Bases: Protocol[ArrayT]

This is the minimal model protocol with the method fit()

fit

fit(x: ArrayT, y: ArrayT | None)

Fit the model to the data

PARAMETER DESCRIPTION
x

Independent variables

TYPE: ArrayT

y

Dependent variable

TYPE: ArrayT | None

Source code in src/pydvl/valuation/types.py
def fit(self, x: ArrayT, y: ArrayT | None):
    """Fit the model to the data

    Args:
        x: Independent variables
        y: Dependent variable
    """
    pass

ClasswiseSample dataclass

ClasswiseSample(
    idx: IndexT | None,
    subset: NDArray[int_],
    label: int,
    ooc_subset: NDArray[int_],
)

Bases: Sample

Sample class for classwise shapley valuation

idx instance-attribute

idx: IndexT | None

Index of current sample

label instance-attribute

label: int

Label of the current sample

ooc_subset instance-attribute

ooc_subset: NDArray[int_]

Indices of out-of-class elements, i.e., those with a label different from this sample's label

subset instance-attribute

subset: NDArray[int_]

Indices of current sample

__post_init__

__post_init__()

Ensure that the subset and ooc_subset are numpy arrays of integers.
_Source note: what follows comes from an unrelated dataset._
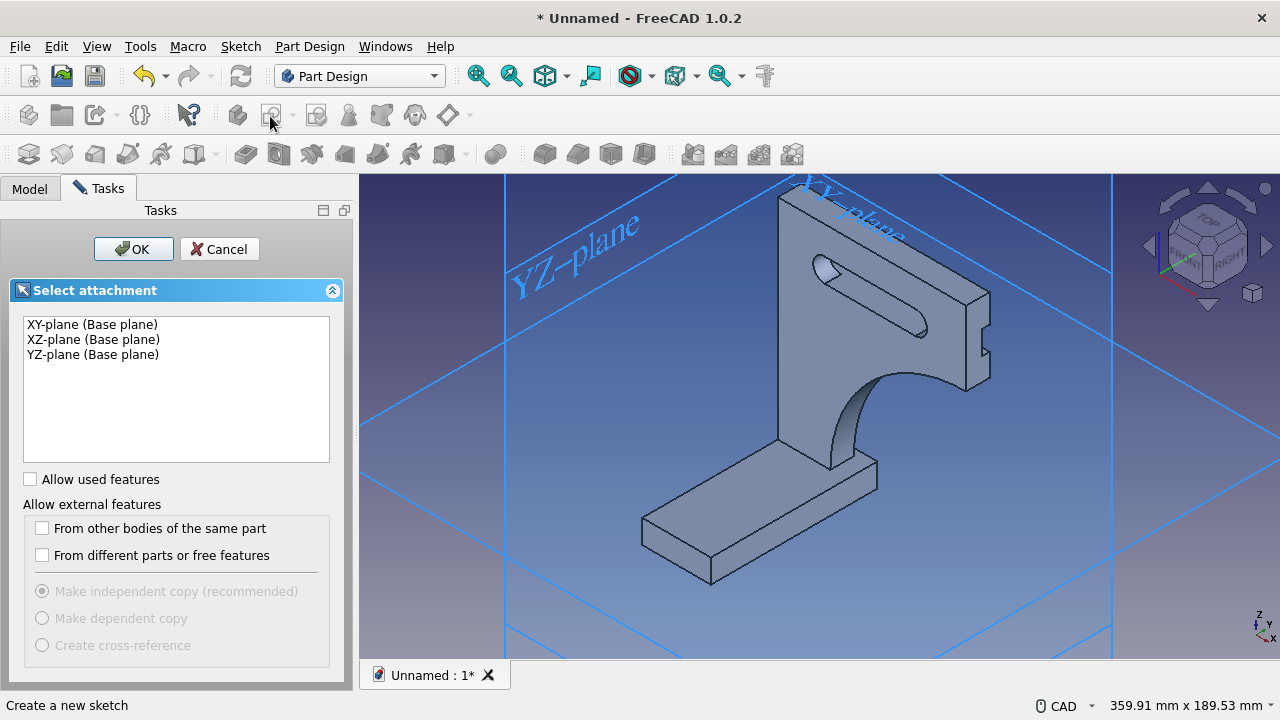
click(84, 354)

Source code in src/pydvl/valuation/types.py
def __post_init__(self):
    """Ensure that the subset and ooc_subset are numpy arrays of integers."""
    super().__post_init__()
    try:
        self.__dict__["ooc_subset"] = to_numpy(self.ooc_subset)
    except Exception:
        raise TypeError(
            f"ooc_subset must be a numpy array, got {type(self.ooc_subset).__name__}"
        )
    if self.ooc_subset.size == 0:
        self.__dict__["ooc_subset"] = self.ooc_subset.astype(int)
    if not np.issubdtype(self.ooc_subset.dtype, np.integer):
        raise TypeError(
            f"ooc_subset must be a numpy array of integers, got {self.ooc_subset.dtype}"
        )

with_idx

with_idx(idx: IndexT) -> Self

Return a copy of sample with idx changed.

Returns the original sample if idx is the same.

PARAMETER DESCRIPTION
idx

New value for idx.

TYPE: IndexT

RETURNS DESCRIPTION
Sample

A copy of the sample with idx changed.

TYPE: Self

Source code in src/pydvl/valuation/types.py
def with_idx(self, idx: IndexT) -> Self:
    """Return a copy of sample with idx changed.
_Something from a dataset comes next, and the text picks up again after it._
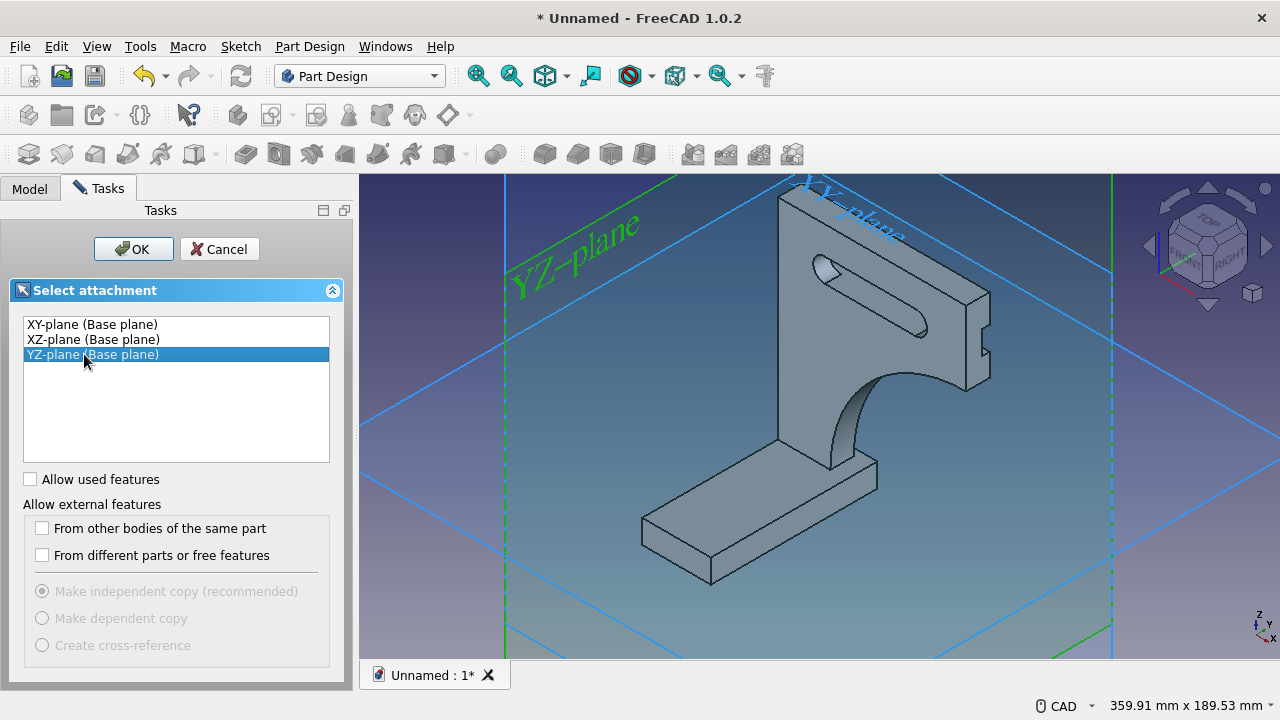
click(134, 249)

    Returns the original sample if idx is the same.

    Args:
        idx: New value for idx.

    Returns:
        Sample: A copy of the sample with idx changed.
    """
    if self.idx == idx:
        return self

    return replace(self, idx=idx)

with_idx_in_subset

with_idx_in_subset() -> Self

Return a copy of sample with idx added to the subset.

Returns the original sample if idx was already part of the subset.

RETURNS DESCRIPTION
Sample

A copy of the sample with idx added to the subset.

TYPE: Self

RAISES DESCRIPTION
ValueError

If idx is None.

Source code in src/pydvl/valuation/types.py
def with_idx_in_subset(self) -> Self:
    """Return a copy of sample with idx added to the subset.

    Returns the original sample if idx was already part of the subset.

    Returns:
        Sample: A copy of the sample with idx added to the subset.

    Raises:
        ValueError: If idx is None.
    """
    if self.idx in self.subset:
        return self

    if self.idx is None:
        raise ValueError("Cannot add idx to subset if idx is None.")

    new_subset = array_concatenate([self.subset, np.array([self.idx])])
    return replace(self, subset=new_subset)

with_subset

with_subset(subset: Array[IndexT]) -> Self

Return a copy of sample with the subset changed.

PARAMETER DESCRIPTION
subset

New value for subset.

TYPE: Array[IndexT]

RETURNS DESCRIPTION
Self

A copy of the sample with subset changed.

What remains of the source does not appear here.